[Opening Provided data section]

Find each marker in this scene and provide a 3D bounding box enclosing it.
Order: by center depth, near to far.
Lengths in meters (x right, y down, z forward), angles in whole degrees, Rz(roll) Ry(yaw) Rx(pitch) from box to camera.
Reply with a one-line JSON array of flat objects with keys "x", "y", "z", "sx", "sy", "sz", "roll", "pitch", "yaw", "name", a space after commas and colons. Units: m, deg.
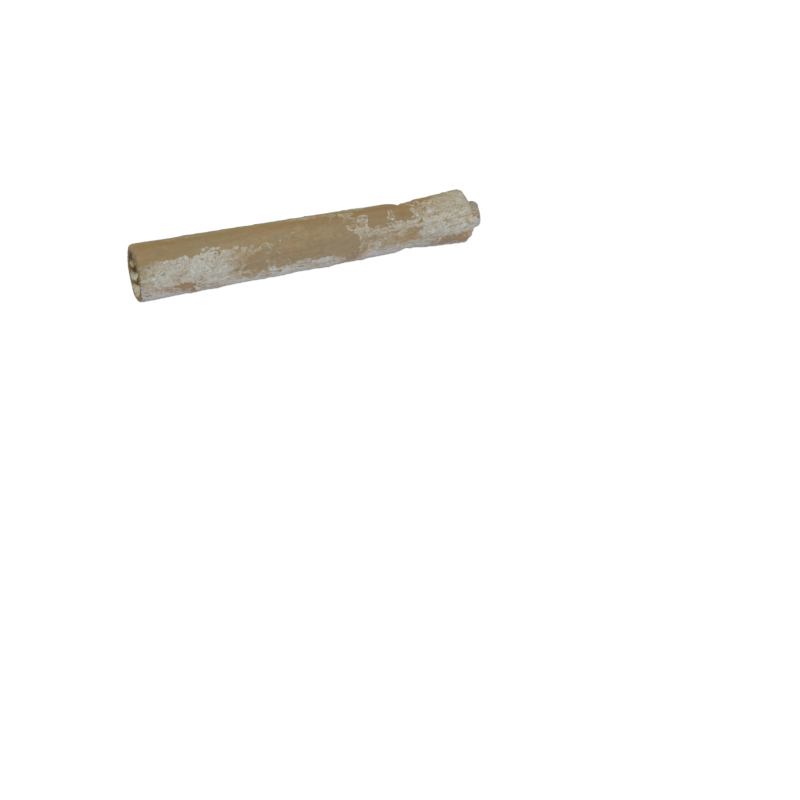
[{"x": -0.029, "y": -0.052, "z": 0.366, "sx": 0.119, "sy": 0.019, "sz": 0.020, "roll": -13, "pitch": 8, "yaw": -19, "name": "marker"}]
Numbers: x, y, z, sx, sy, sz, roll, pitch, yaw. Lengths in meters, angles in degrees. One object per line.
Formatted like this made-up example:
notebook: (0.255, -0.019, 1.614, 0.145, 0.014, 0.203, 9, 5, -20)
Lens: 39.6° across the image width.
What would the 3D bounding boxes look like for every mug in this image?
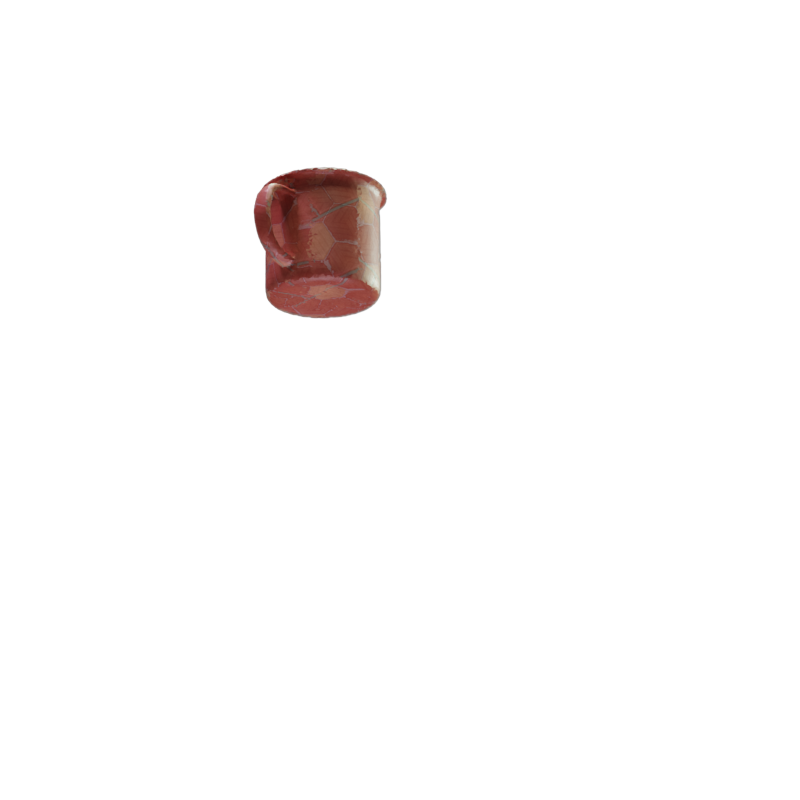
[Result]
mug: (-0.061, -0.112, 0.782, 0.095, 0.086, 0.109, -13, -23, 30)

[Closing Provided data section]

Task description
Count every line in the listing that holds the word "Lengths". Report the count and nothing else.

Solution
2